Veewee is a tool to easily build Vagrant boxes or KVM, VirtualBox and Fusion images. Hands-on, let’s open a terminal. You’ll need to have the RubyGems installed on your machine to install Veewee. Read the Vagrant post to see how to install it. Let’s install the latest available alpha release (note: the following commands were tested on an ol’ but good MacOS X Leopard.)

$ sudo gem install veewee --pre

Veewee comes with a lot of OS templates that you can use to build your Vagrant base box or VM image (and that’s why we used the alpha release since it contains updated templates for the major OS versions.) You can list the available templates using the following command:

$ vagrant basebox templates | sort

There are templates for popular Linux distros (Debian, Ubuntu, CentOS, Scientific Linux), some Unix flavors (Solaris, FreeBSD) and even for the Windows 8 preview release. Let’s build a Debian box. First, let’s define our base box with the name ‘squeeze64-lamp’ using Debian 6.0.4 AMD64.

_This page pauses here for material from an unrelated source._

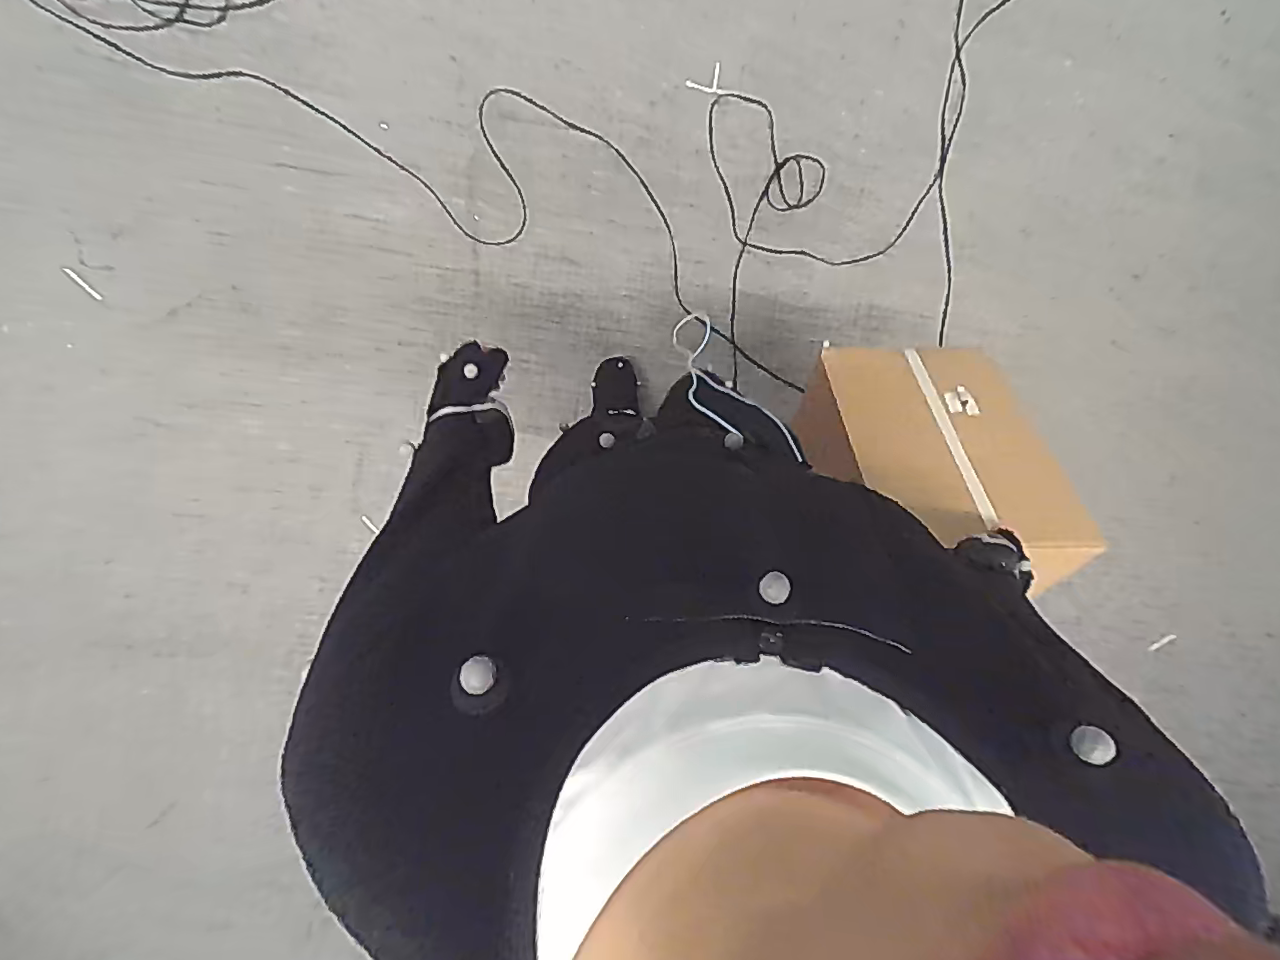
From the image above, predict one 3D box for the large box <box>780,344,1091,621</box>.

$ mkdir -p ~/Dev/veewee/squeeze/amd64
$ cd ~/Dev/veewee/squeeze/amd64
$ vagrant basebox define squeeze64-lamp Debian-6.0.4-amd64-netboot
[vagrant] The basebox 'squeeze64-lamp' has been succesfully created from the template 'Debian-6.0.4-amd64-netboot'
[vagrant] You can now edit the definition files stored in definitions/squeeze64-lamp or build the box with:
[vagrant] vagrant basebox build 'squeeze64-lamp'

Looking at the definitions/squeeze64-lamp directory, we can see a bunch of files that are used to install the enough software needed for a Vagrant base box:

$ ls definitions/squeeze64-lamp/
base.sh       cleanup-virtualbox.sh definition.rb      puppet.sh       vagrant.sh        zerodisk.sh
chef.sh       cleanup.sh            preseed.cfg        ruby.sh         virtualbox.sh

The main file here is the definition.rb. It have a hash with some of the VirtualBox VM definitions (like the number of CPUs, the memory and disk sizes), boot and Kickstart definitions that are used to automatize the OS installation and the post-install files. Let’s setup the same LAMP box from the Vagrant post. Download or clone the vagrant-shell-scripts Git repository and change the post install files in definitions.rb using the following snippet:

:postinstall_files => [
  "base.sh",
  "vagrant.sh",
  "virtualbox.sh",
  "ruby.sh",
  "puppet.sh",
  "chef.sh",
  "dotdeb.sh",
  "db-mysql.sh",
  "dev-tools.sh",
  "php5.sh",
  "php5-qa.sh",
  "php5-tools.sh",
  "drush.sh",
  "cleanup-virtualbox.sh",
  "cleanup.sh",
  "zerodisk.sh"
],

Hint: put your post-install files anywhere after the base.sh file and before the cleanup.sh file.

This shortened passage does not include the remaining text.